◆ PROBLEM DESCRIPTION
Send back the entries exactly as they were given.

━━━━━ RECORDS FOR THE TASK

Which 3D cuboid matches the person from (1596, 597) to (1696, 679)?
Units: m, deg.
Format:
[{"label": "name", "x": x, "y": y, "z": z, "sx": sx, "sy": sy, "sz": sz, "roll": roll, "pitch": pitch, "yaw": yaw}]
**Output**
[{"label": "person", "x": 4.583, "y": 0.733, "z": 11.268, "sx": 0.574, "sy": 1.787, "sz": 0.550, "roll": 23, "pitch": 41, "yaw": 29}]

━━━━━━━━━━

◆ EXERCISE SOLUTION
Which 3D cuboid matches the person from (1596, 597) to (1696, 679)?
Units: m, deg.
Format:
[{"label": "name", "x": x, "y": y, "z": z, "sx": sx, "sy": sy, "sz": sz, "roll": roll, "pitch": pitch, "yaw": yaw}]
**Output**
[{"label": "person", "x": 4.583, "y": 0.733, "z": 11.268, "sx": 0.574, "sy": 1.787, "sz": 0.550, "roll": 23, "pitch": 41, "yaw": 29}]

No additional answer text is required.